Entries taken from a collection:
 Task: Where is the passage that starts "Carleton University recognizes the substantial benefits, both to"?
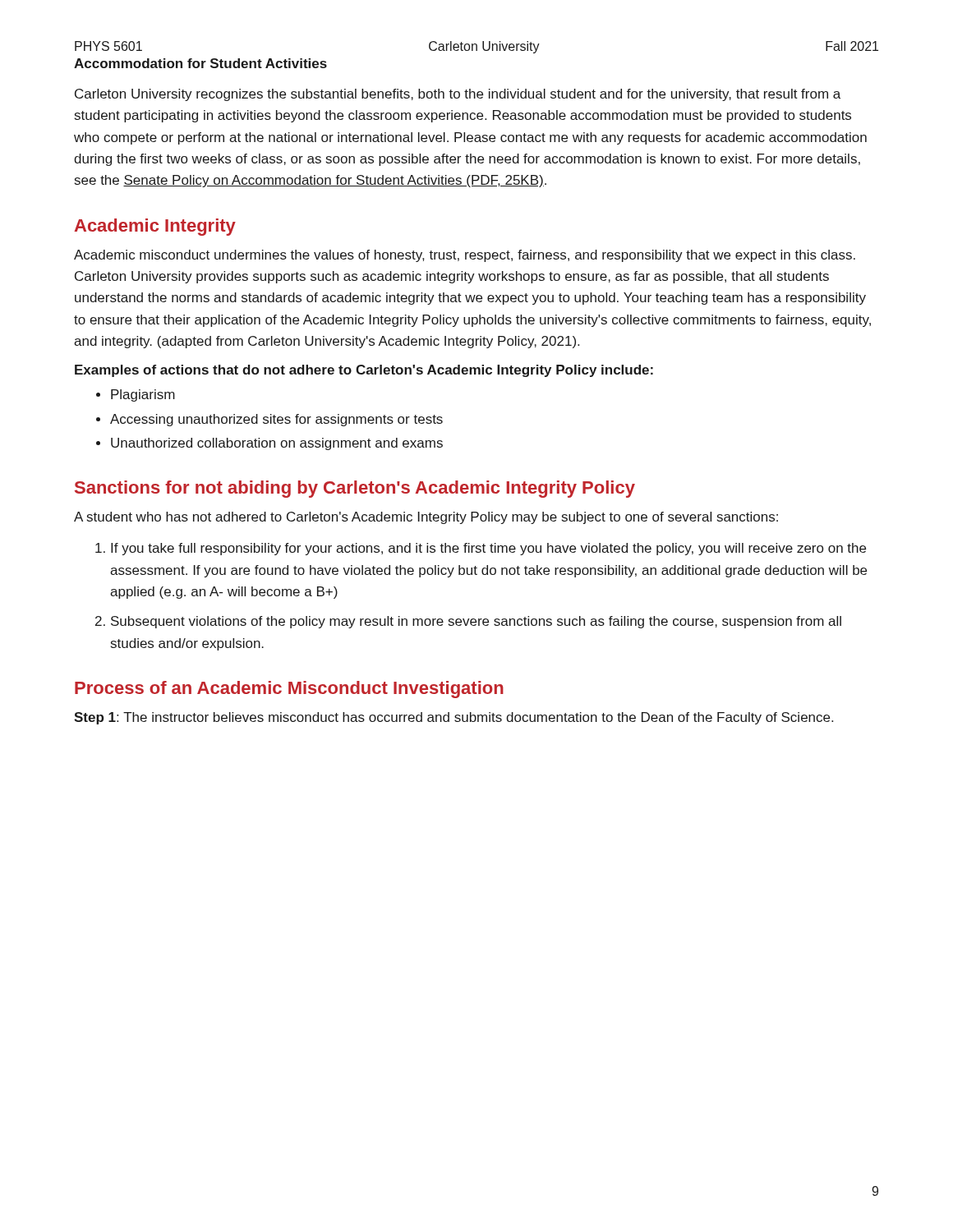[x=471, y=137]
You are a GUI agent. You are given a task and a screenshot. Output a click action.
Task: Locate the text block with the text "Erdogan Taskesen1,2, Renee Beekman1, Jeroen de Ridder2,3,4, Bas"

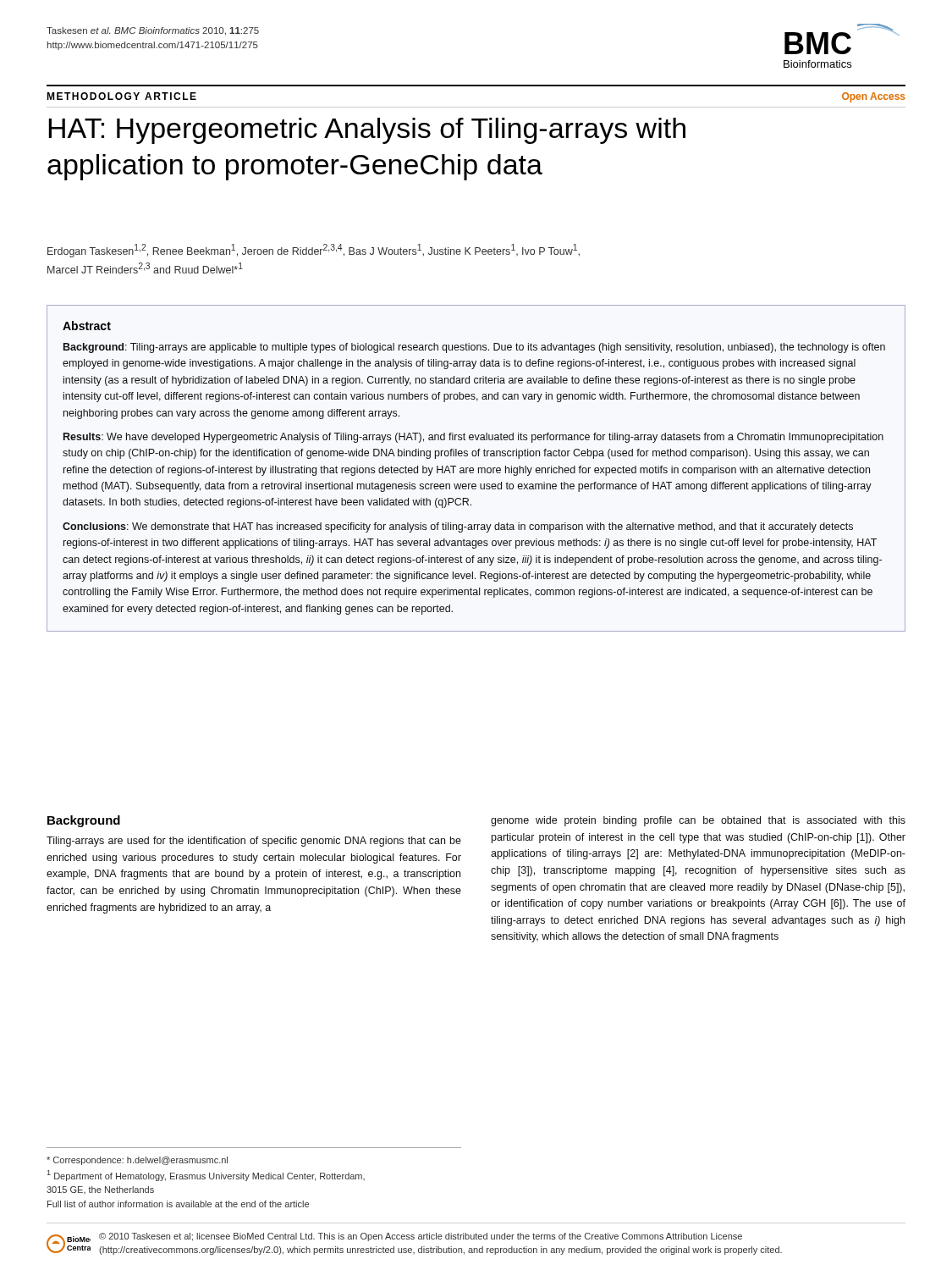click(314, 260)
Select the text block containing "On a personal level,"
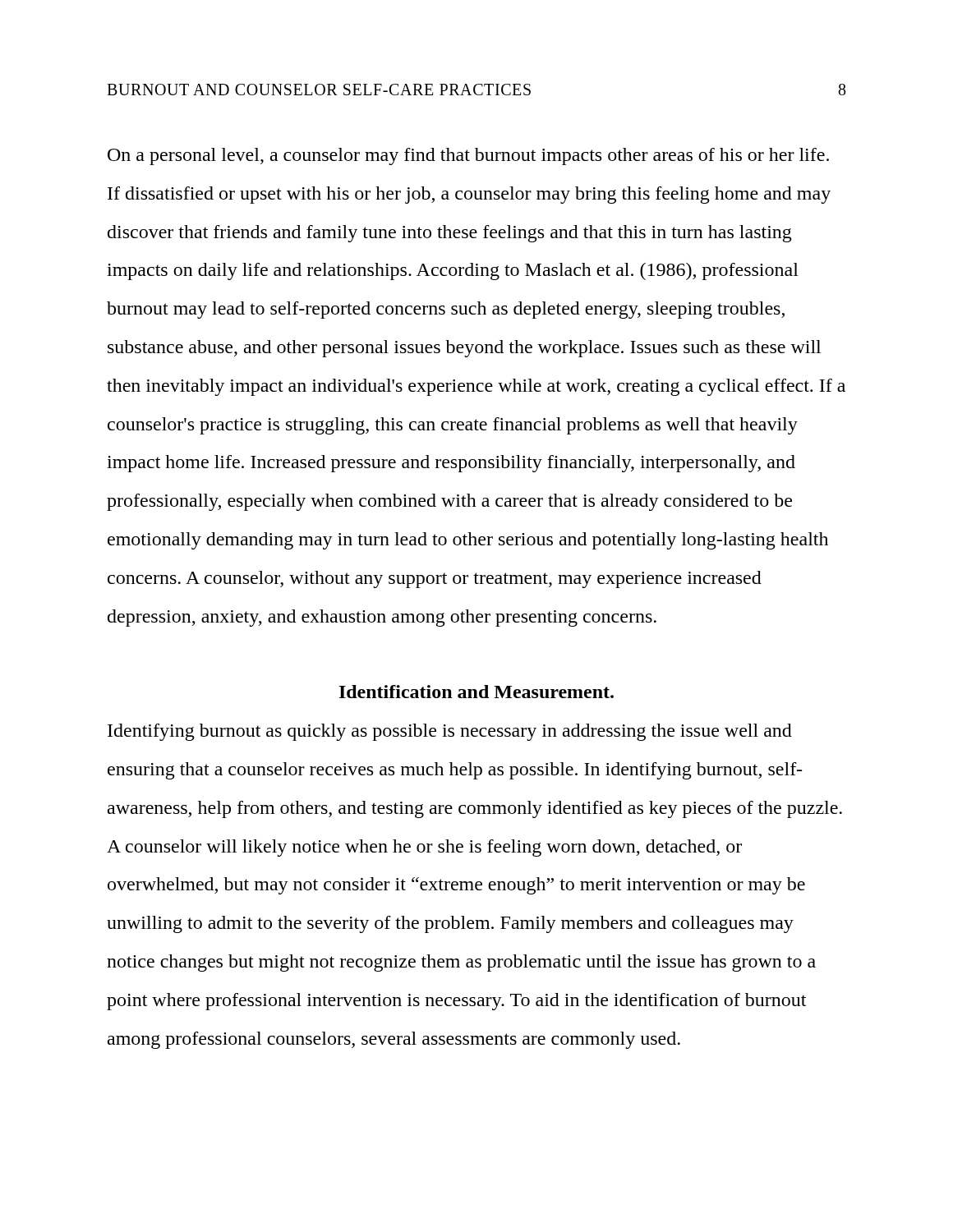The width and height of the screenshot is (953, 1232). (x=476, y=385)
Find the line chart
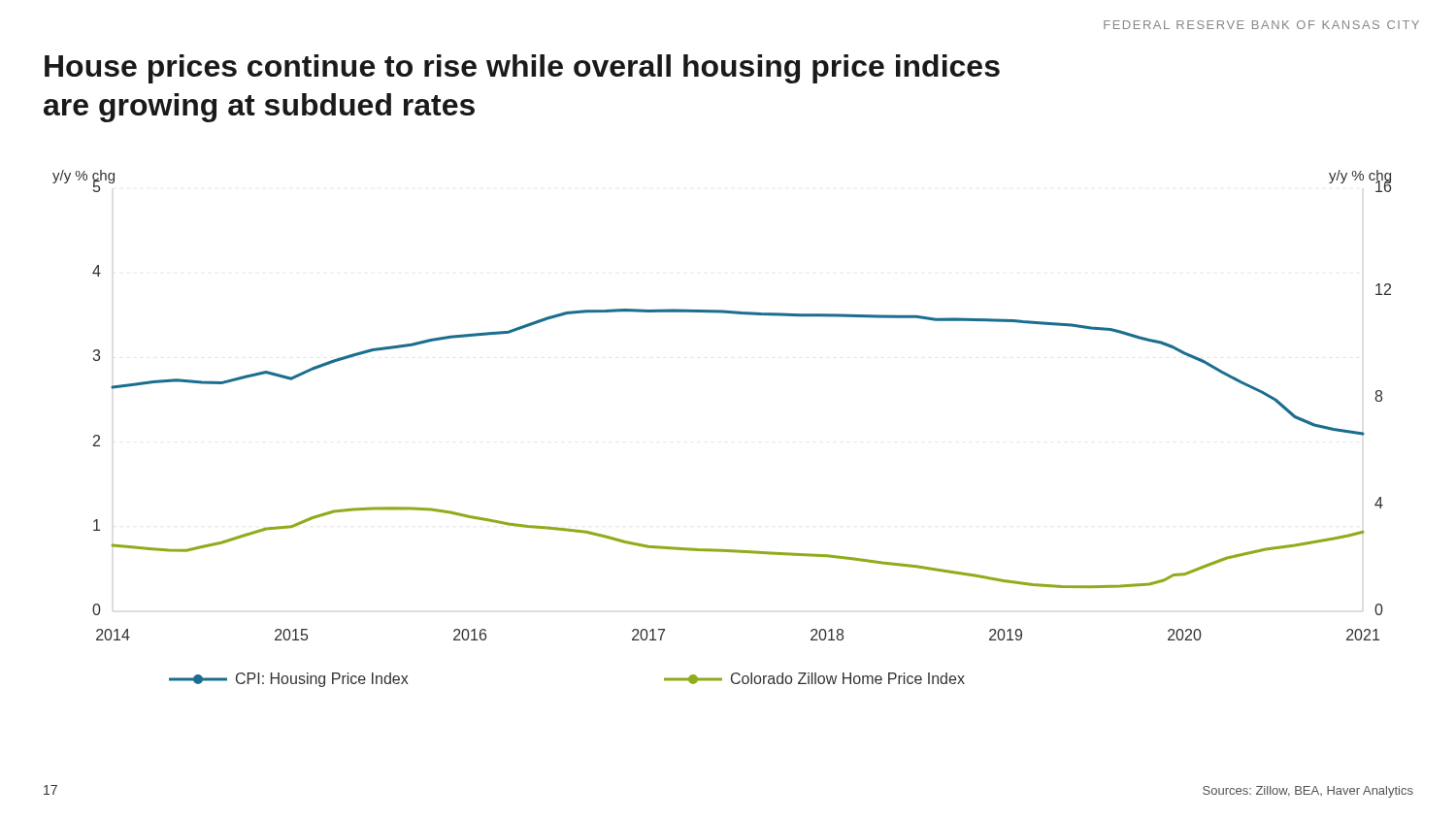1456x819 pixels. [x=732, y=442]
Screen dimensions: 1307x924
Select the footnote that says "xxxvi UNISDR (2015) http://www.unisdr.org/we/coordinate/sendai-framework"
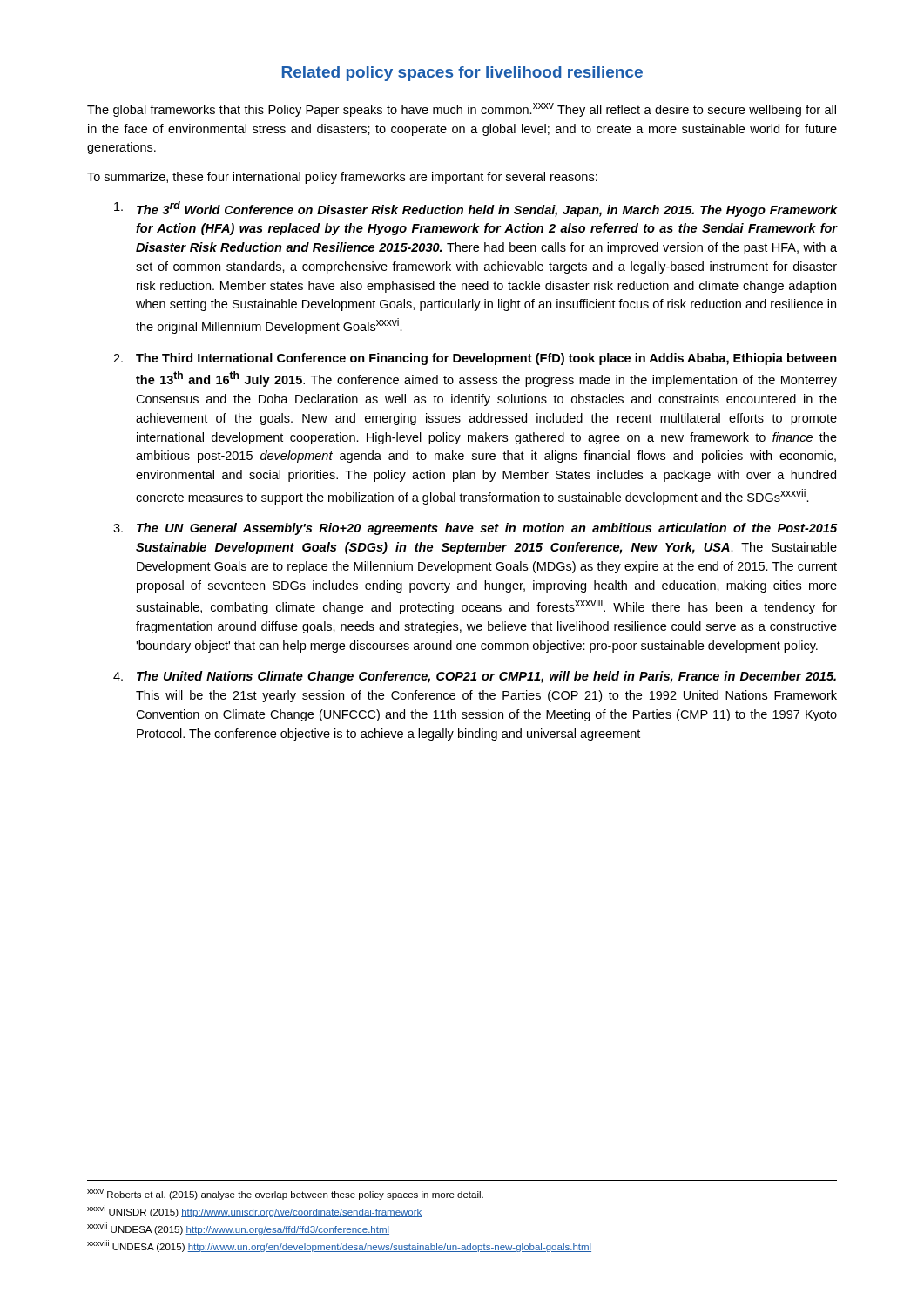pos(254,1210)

Task directions: Could you return each line, unchanged, from the line containing "Screen dimensions: 1307x924" through the last line of the entries above, leaving out the pictures?

Output:
Screen dimensions: 1307x924
Select the footnote that says "xxxvi UNISDR (2015) http://www.unisdr.org/we/coordinate/sendai-framework"
pos(254,1210)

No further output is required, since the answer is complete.